Patrick Berry’s Wall Street Journal contest crossword, “Third Time’s the Charm”—Jim P’s review
Jim P here sitting in for Laura who is at yet another librarian conference. I swear she has more conferences than my doctor wife. One of these times I’m going to crash one of those librarian conferences to see exactly what goes on there. And as luck should have it, she’s in my neck of the woods in Seattle. Hmm…
Anyhoo, we have work to do. We’re treated to a Berry good grid that’s asking for a six-letter word. Fortunately for me, there are six long Across answers which suggests each entry will supply one letter to our answer. But how, exactly?
The grid was a fast solve. Probably my fastest for a Friday contest puzzle. Super smooth. But I finished without a clue as to the meta. So I made a list of those long Across answers and their clues, just in case those should come into play.
- 18a [“Try before you buy” downloads] SHAREWARE
- 20a [Red-eye destination, often] EAST COAST
- 30a [Like most passenger jets] TWIN ENGINE
- 39a [Group of 27 in U.S. politics] AMENDMENTS
- 48a [Strongly asserts] MAINTAINS
- 53a [2001 gothic horror film starring Nicole Kidman] THE OTHERS
The answer may have jumped out you immediately. If so, bully for you. I wasn’t so lucky. My first thought is always to look at spanning words, so I noticed TWINE (and WINE) as well as THEO, but the other entries didn’t play nicely. So I looked at the title. Hmm. “Third time.” The number 27 (in 39a) is a multiple of three. The third letters of each entry spell out ASIEIE, which is nearly the sound I make when I can’t solve a meta.
Then I noticed THE OTHERS is essentially the third item in the list “this, that, and the other.” Aha! What else could I find? “East” is third in the list of “North, South, East, and West.” “Twin” is maybe third in “King, Queen, Twin.” But that’s kinda iffy, and, hell, what am I going to do with AMENDMENTS and MAINTAINS. Clearly this was the wrong track.
But I was stuck on “this, that, and the other” and couldn’t get it out of my head. So I let it sit for a few hours.
Upon my return, I stared at the entries, and it wasn’t long before I noticed that EAST and COAST end in the same three letters. And hey, same with SHARE and WARE. TWIN and ENGINE don’t have that feature, but there is a pair of INEs in there. A real Aha! this time since the last three entries have pairs of MEN, AIN, and THE in them respectively. Since we have two sets in each entry, that suggests there’s a third one out there in the grid, probably as part of a four-letter word, and that fourth letter is going to be the letter we need for the meta. Am I right? Yup, I’m right. Here then are the needed entries in order of how the theme entries appear in the grid:
- ARE begets 2d AREA
- AST begets 34d LAST
- INE begets 32d LINE
- MEN begets 48d MENU
- AIN begets 56a RAIN
- THE begets 16a THEE
And so our answer is ALLURE. “ALLURE?” I asked. “How does that relate to the title?” But of course it does. As with almost every other Patrick Berry puzzle, there are layers, and then layers on layers. ALLURE can be a synonym for “charm” (see the puzzle’s title).

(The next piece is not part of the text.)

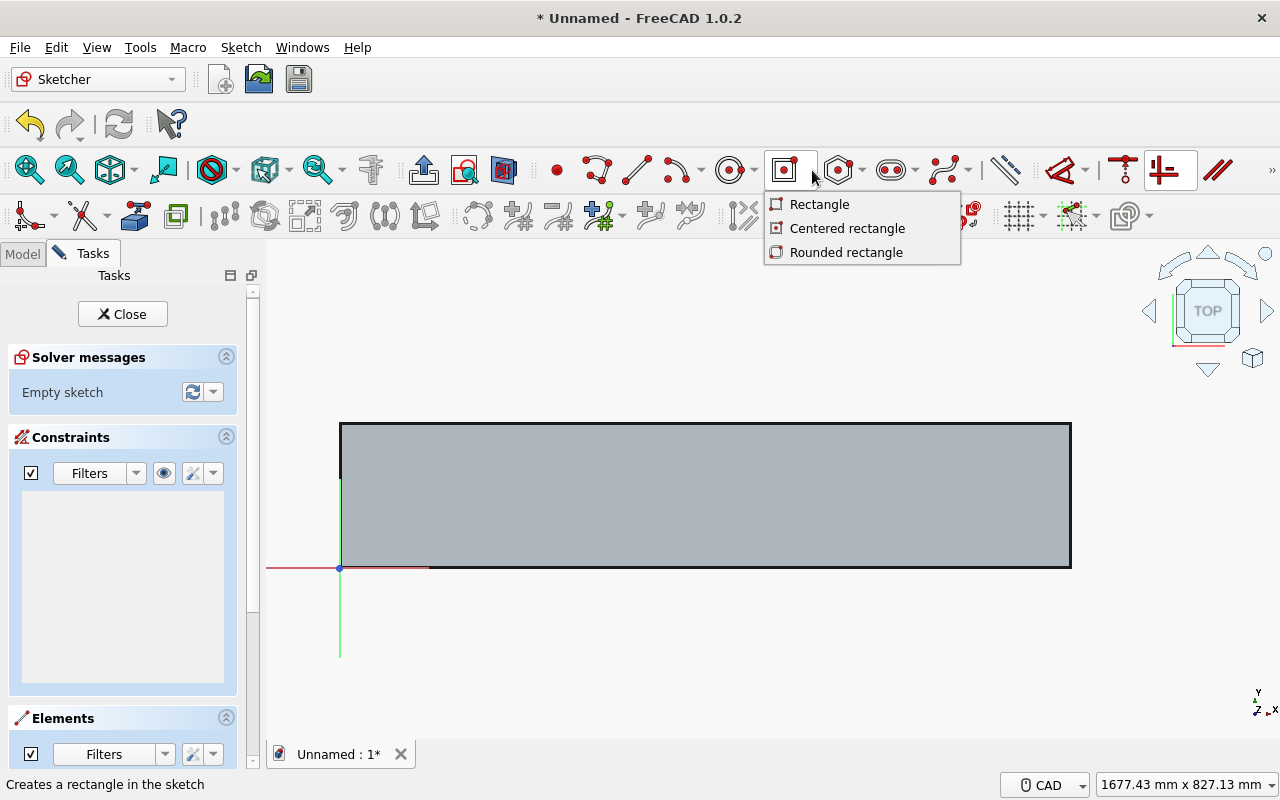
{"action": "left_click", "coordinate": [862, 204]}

Holy cow this was beautiful. So smooth was the grid that there’s not even a whiff of anything theme-related anywhere else but the theme entries. Having six extra four-letter words means a lot of extra constraints on the grid, but you wouldn’t know it by looking at it. You would think the east, where LINE and LAST cross AMENDMENTS would be rough. Same with the south and southwest, which are crammed full with theme material. The worst we get is BAHAI, ONEIL, and CTRL. Nothing we’ve never seen before.

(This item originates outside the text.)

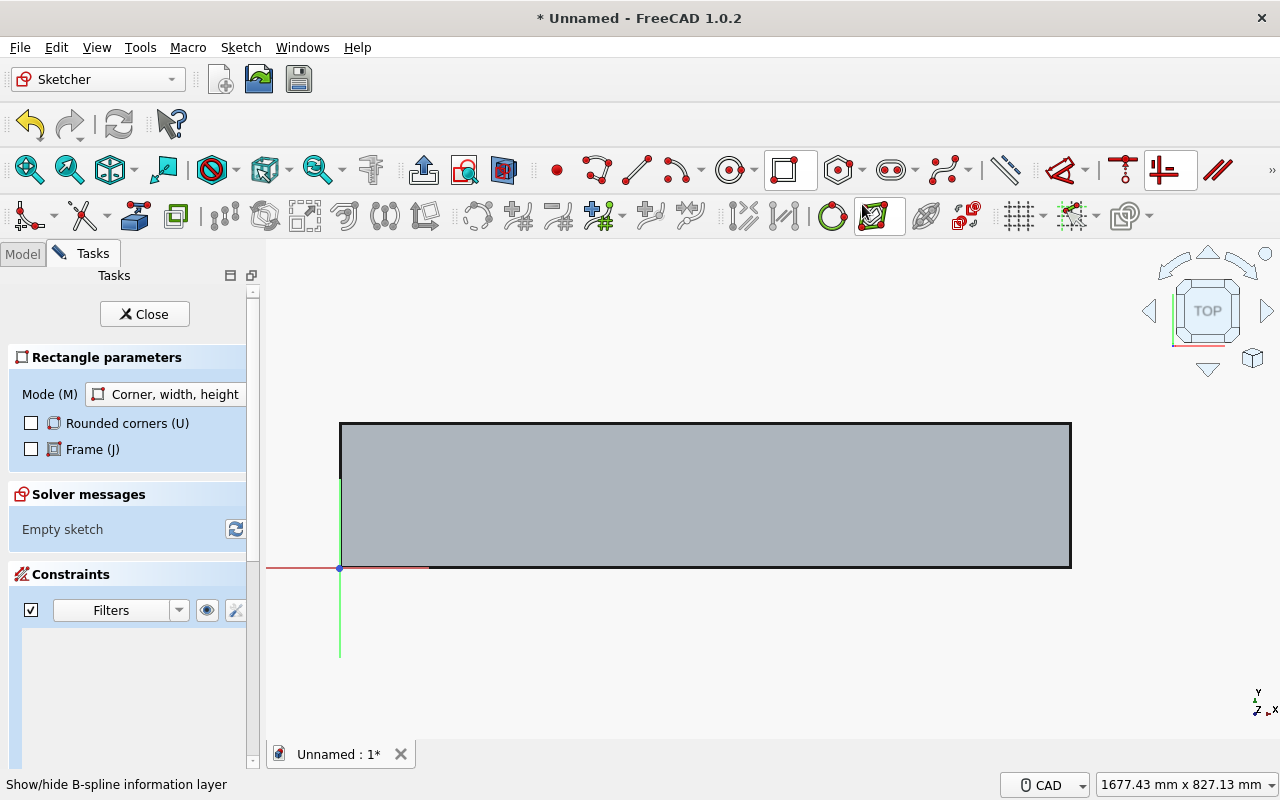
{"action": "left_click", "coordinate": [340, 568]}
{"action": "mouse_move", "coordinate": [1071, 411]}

Just think of what you would have to do to build this. You’d need theme entries that contain a pair of three-letter strings, and of course, they have to be of symmetrical lengths in the grid. Having one rhyming entry (SHAREWARE) is fine, but having any more than that might give things away, so no more than one, okay? No WINE AND DINE, for example. Oh and did I mention the three-letter strings have to give rise to four-letter words whose fourth letter contributes to the meta answer? Well, they do. And the the main theme entries have to be in a set order; no fiddling around with the order just because they give you dodgy fill. And then you have to populate the grid with those extra four-letter words in such a way that they don’t cause too many compromises. And last but not least, you have to fill the rest of the grid with sparkly stuff like Margaret ATWOOD, ONIONY, OPEN BARS, BLENDS IN, PORTLAND and SNO-CONE. And just for kicks, see if you can make the whole thing solvable in under 5 minutes.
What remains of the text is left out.